Existe algo quase catártico quando um jogo fala abertamente que você vai morrer. O verso da capa de Dark Souls (DkS) não traz dizeres como “Uma empolgante experiência de role-play“, ou “Um RPG ao estilo dark fantasy“. Não, não. A chamada do verso da capa da sequência do aclamado Demon’s Souls (DmS) diz apenas “Você vai morrer”. E minha nossa, como vamos morrer.

Para os que não conhecem, DmS foi uma das grandes surpresas de 2009. O jogo, de uma dificuldade surpreendente e descomunal, foi alvo, inicialmente, de críticas da mídia especializada – incluindo a Famitsu. Entretanto, o jogo caiu nas graças de um considerável número de jogadores, por oferecer algo decididamente único e interessante, instigando os jogadores a correr um alto risco para colher altos benefícios. DmS acabou adquirindo um “status cult”, e sua localização para o mercado ocidental, cortesia da Atlus, trouxe ainda mais fãs. E assim, o despretensioso sucessor espiritual de King’s Field, da relativamente desconhecida From Software, conquistou fãs ao redor do globo e figura em várias listas dos melhores jogos de 2009.

Não vou me preocupar muito em falar sobre o enredo de DkS. Este vídeo, que é a introdução do jogo, faz esse trabalho de forma rápida e eficiente:

A exemplo de DmS, a história de DkS tem exposição minimalista. Cutscenes são esparsas e você está 99% do tempo controlando seu personagem, e mesmo nos diálogos você não perde o controle de seu avatar. Isso não implica, porém, em um enredo pífio – na verdade, a lore de DkS é bem interessante, e muito dos acontecimentos do jogo ficam a cargo da dedução e imaginação do jogador, tal e qual DmS. Um dos primeiros NPCs do jogo, por exemplo, atende por Solaire of Astora, e embora DkS nunca deixe explícito de onde exatamente ele vem, você pode deduzir sua origem através de um item conseguido muito mais à frente na sua jornada. Nem todos os jogos podem se beneficiar de uma abordgame nesse estilo do enredo, mas em DkS isso funciona, e muito bem.

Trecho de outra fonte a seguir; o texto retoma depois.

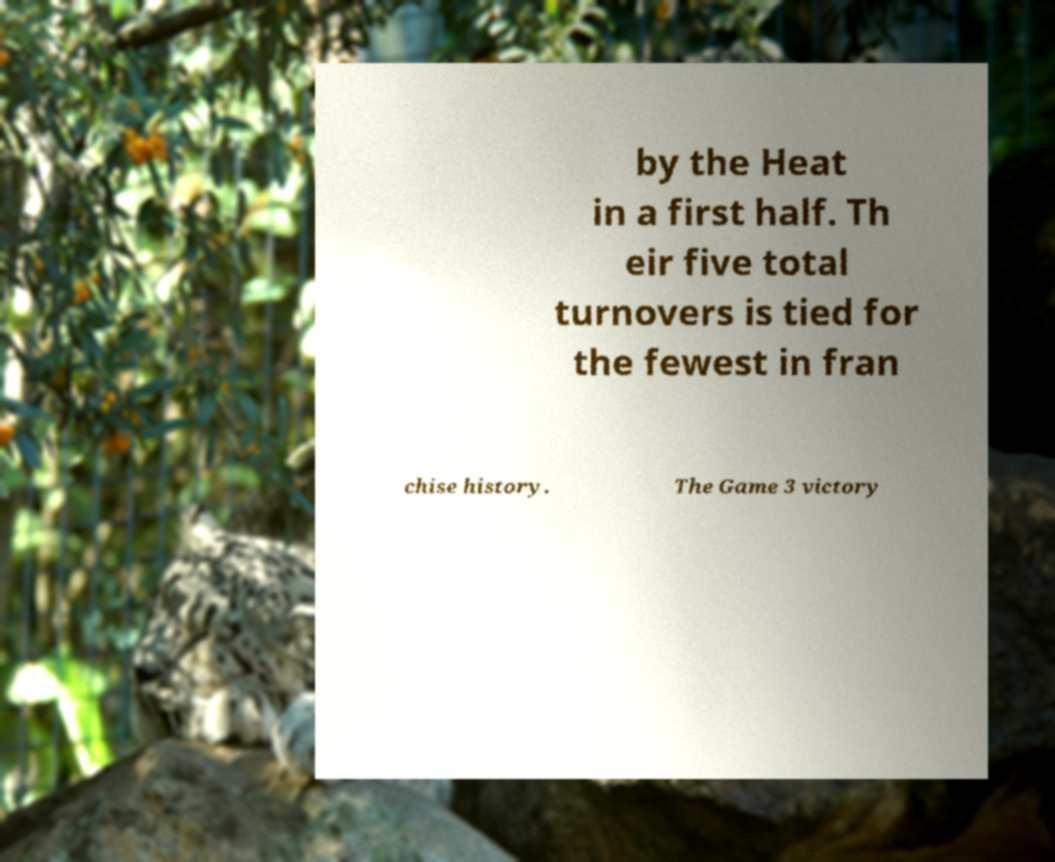Can you read and provide the text displayed in the image?This photo seems to have some interesting text. Can you extract and type it out for me? by the Heat in a first half. Th eir five total turnovers is tied for the fewest in fran chise history. The Game 3 victory 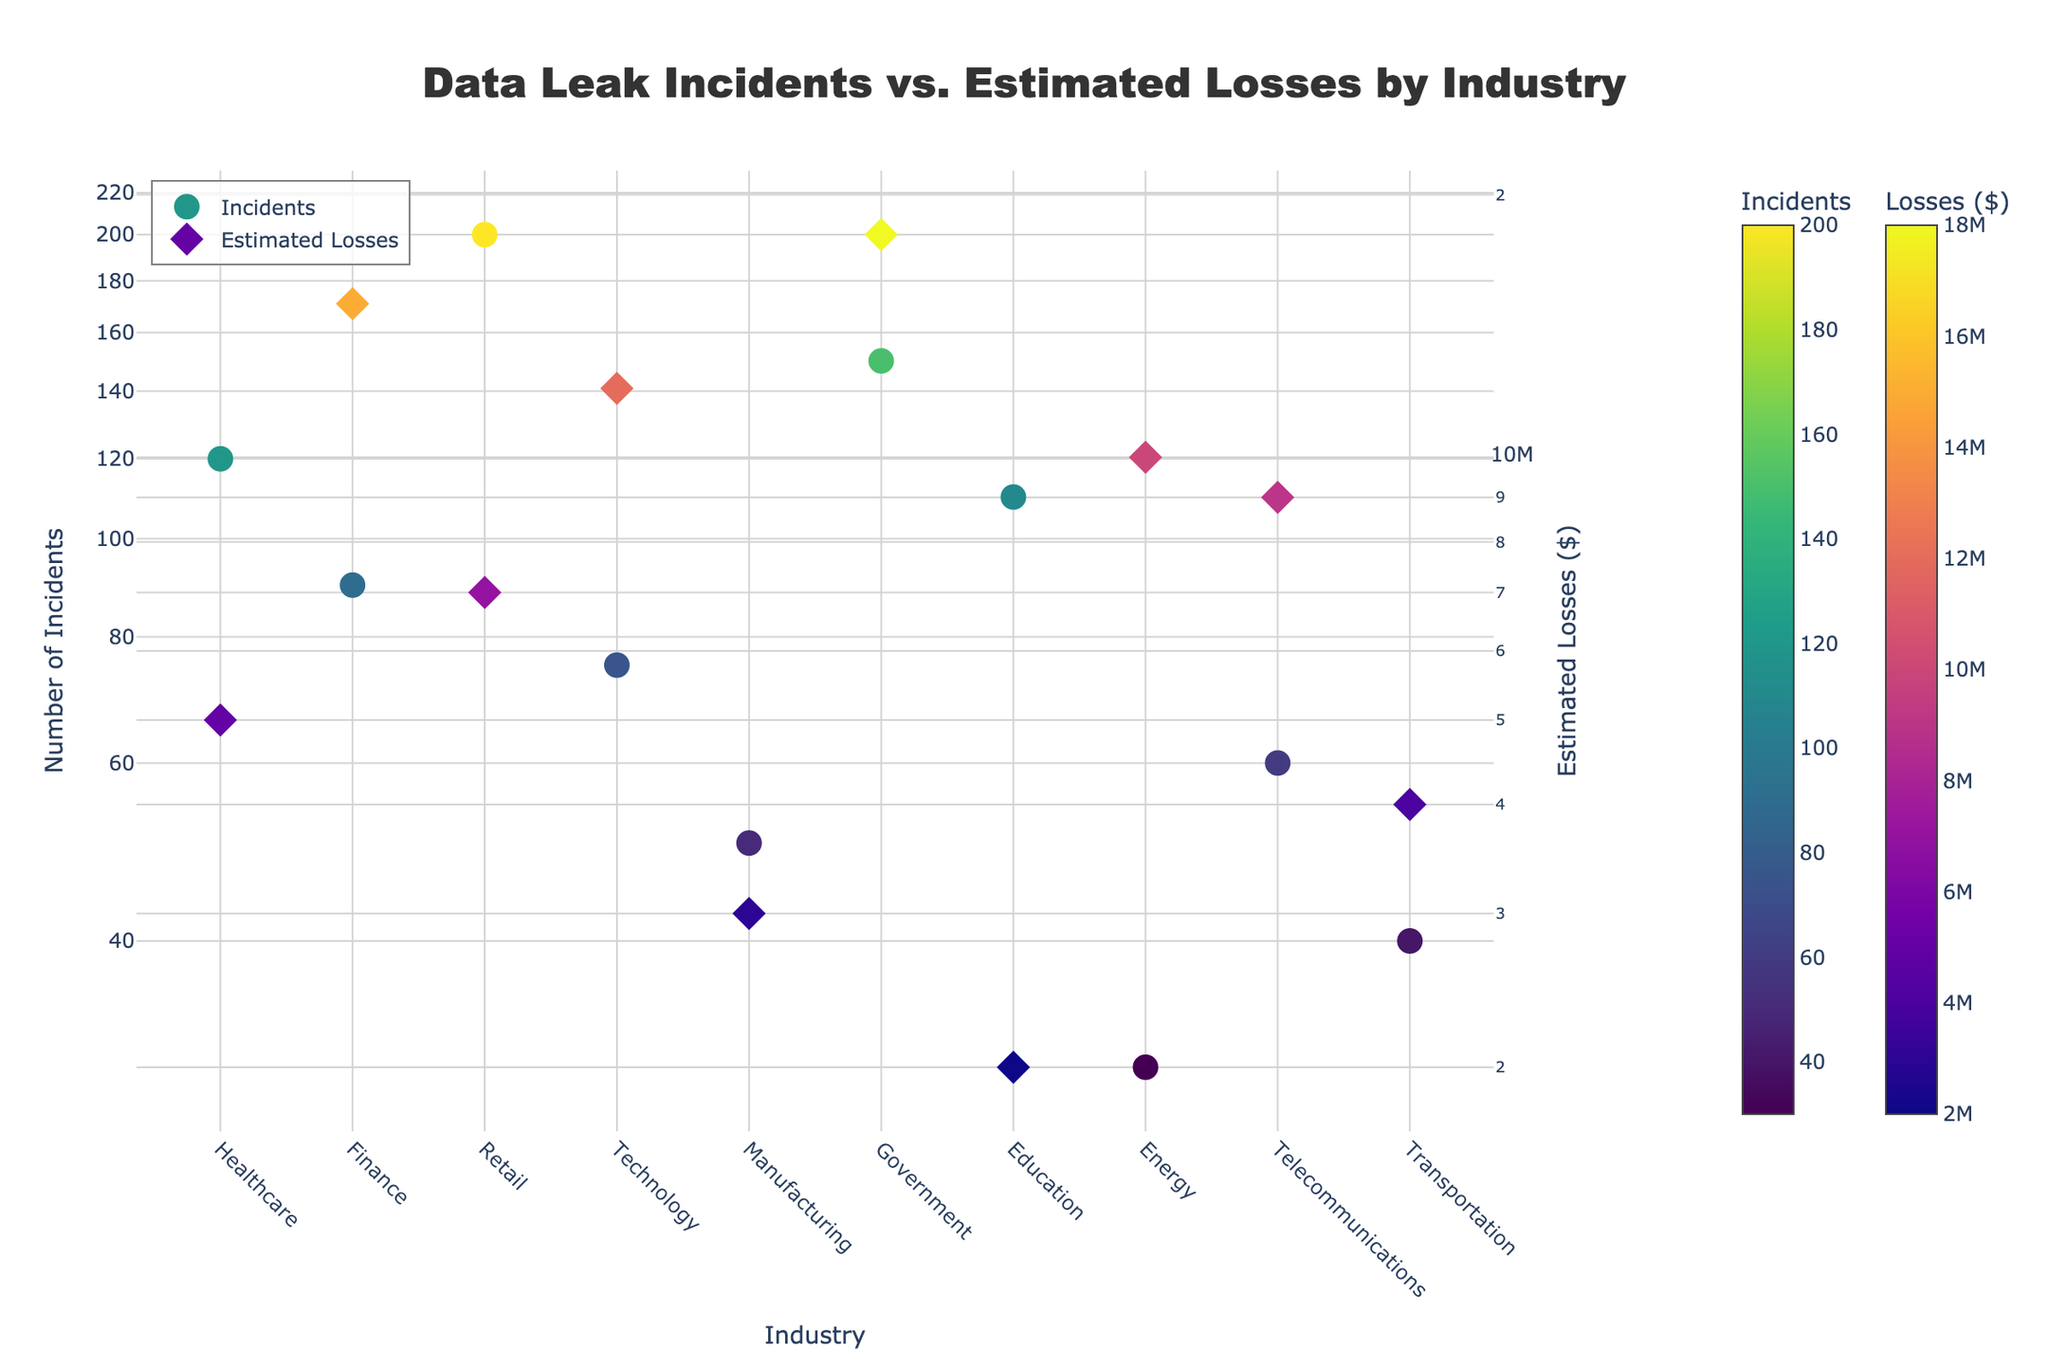What's the title of the figure? The title is usually located at the top of the figure, centered and formatted to be prominent. Look for text that is larger and bolder than other text elements.
Answer: "Data Leak Incidents vs. Estimated Losses by Industry" How many industries are represented in this scatter plot? The number of data points, each representing a unique industry, can be identified by counting the labels on the x-axis.
Answer: 10 Which industry has the highest number of data leak incidents? Examine the y-axis (left side with log scale) and find the data point with the highest value. Confirm the industry by checking the x-axis label.
Answer: Retail Which industry has the lowest estimated financial losses? Examine the y-axis (right side with log scale) and find the data point representing the lowest value. Confirm the industry by checking the x-axis label.
Answer: Education What is the relationship between incidents in Healthcare and Technology? Compare the positions of the Healthcare and Technology data points on the left y-axis (number of incidents).
Answer: Healthcare has more incidents than Technology Compare the estimated financial losses in Finance and Government industries. Look at the positions of the Finance and Government data points on the right y-axis (estimated losses).
Answer: Government has higher estimated losses than Finance Which industry stands out with the highest estimated financial losses? Examine the right y-axis and identify the data point with the highest value. Confirm the industry by checking the x-axis label.
Answer: Government What is the range of data leak incidents observed across all industries? Identify the minimum and maximum values on the left y-axis and calculate the range.
Answer: Range: 200 - 30 = 170 incidents For which industry are the incidents and estimated financial losses both below the average? Average values can be estimated visually; look for an industry where both incidents and losses are visibly below the average positions on their respective axes.
Answer: Manufacturing Are there any industries where the number of incidents is high, but the financial loss is relatively low? Compare positions of data points with high values on the left axis and relatively lower values on the right axis.
Answer: Retail 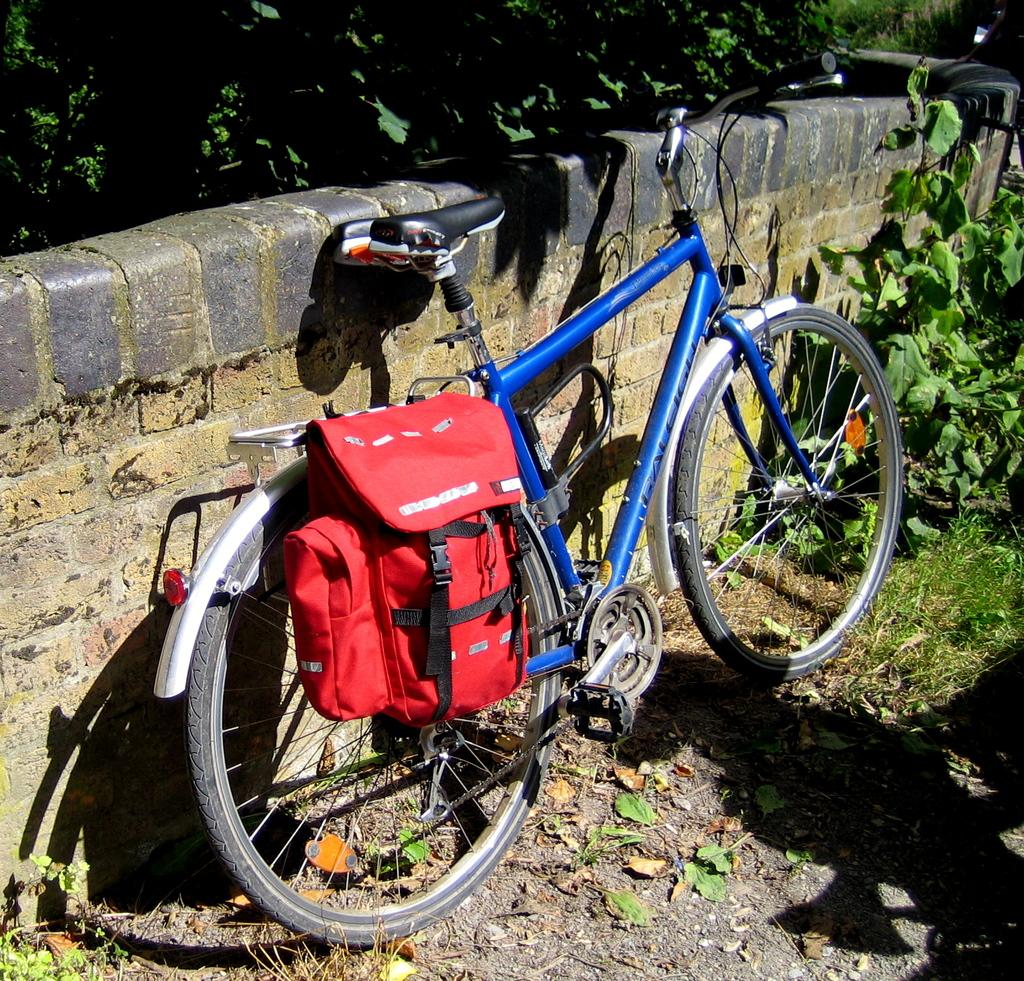What is hanging on the bicycle in the image? There is a bag hanging on a bicycle in the image. What can be seen in the background of the image? There is a wall and trees in the background of the image. What is visible at the bottom of the image? The ground is visible at the bottom of the image. What type of twig is hanging from the wall in the image? There is no twig hanging from the wall in the image. What ornament is placed on the bicycle in the image? There is no ornament present on the bicycle in the image. 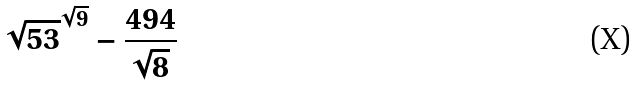Convert formula to latex. <formula><loc_0><loc_0><loc_500><loc_500>\sqrt { 5 3 } ^ { \sqrt { 9 } } - \frac { 4 9 4 } { \sqrt { 8 } }</formula> 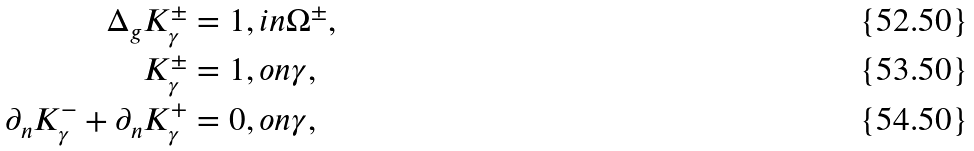<formula> <loc_0><loc_0><loc_500><loc_500>\Delta _ { g } K ^ { \pm } _ { \gamma } & = 1 , i n \Omega ^ { \pm } , \\ K ^ { \pm } _ { \gamma } & = 1 , o n \gamma , \\ \partial _ { n } K ^ { - } _ { \gamma } + \partial _ { n } K ^ { + } _ { \gamma } & = 0 , o n \gamma ,</formula> 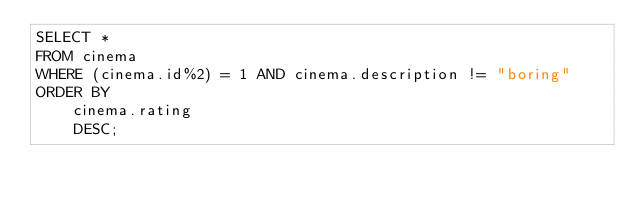Convert code to text. <code><loc_0><loc_0><loc_500><loc_500><_SQL_>SELECT * 
FROM cinema
WHERE (cinema.id%2) = 1 AND cinema.description != "boring"
ORDER BY
    cinema.rating
    DESC;
</code> 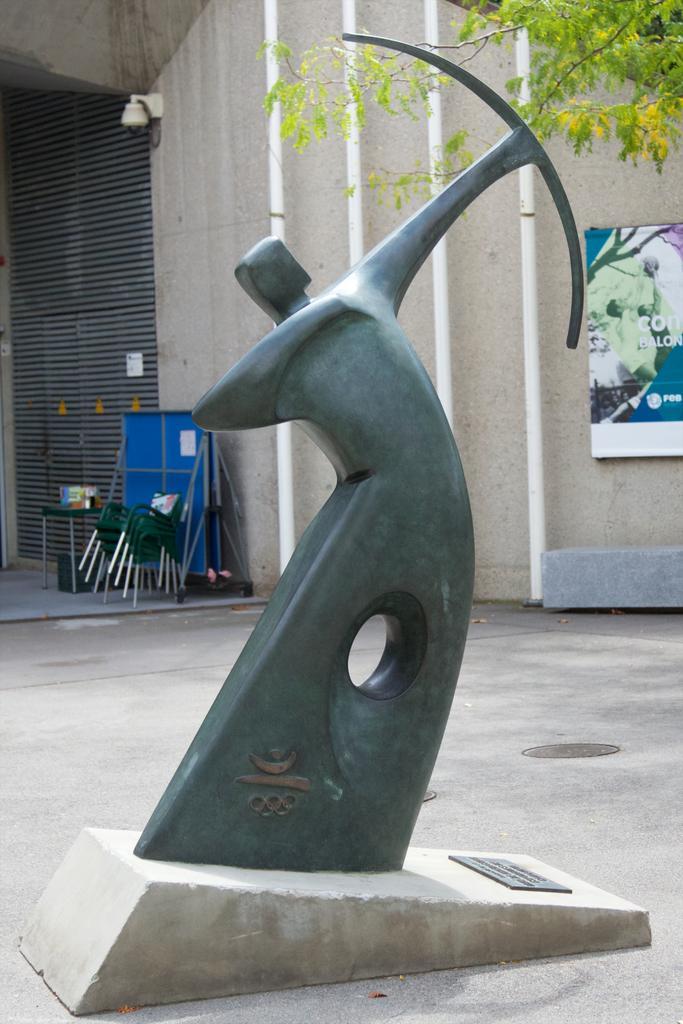Can you describe this image briefly? In this image there is a sculpture that resembles a person, there is ground towards the bottom of the image, there are chairs, there are tables, there are objects on the table, there is a wall, there is a board towards the right of the image, there is text on the board, there is a tree towards the right of the image, there is a security camera on the wall, there are pipes towards the top of the image.

O grande chamativo do jogo, porém, não é o enredo, e sim sua dificuldade. DmS ganhou notoriedade por ser um jogo extremamente difícil, e DkS não deixa a desejar, sendo ainda mais brutal que seu predecessor. Este é um ponto importante a ressaltar: DkS é dificílimo, mas morrer no jogo nunca é por “trapaça do jogo”, e quase sempre resulta da culpa do próprio jogador.

A dificuldade do jogo provém do design de fases soberbo que a From Software manteve de DmS, e não de inimigos com ataques que burlam as leis do jogo. A IA dos inimigos é extremamente agressiva, mas não “roubada”, e as armadilhas, embora escondidas, sempre possuem dicas sutis – uma plataforma do piso que está mais alta que as demais, o elevador com sangue, o inimigo solitário… A progressão de DkS deve ser feita de forma lenta e cautelosa, observando todos os cantos da sala por onde navega.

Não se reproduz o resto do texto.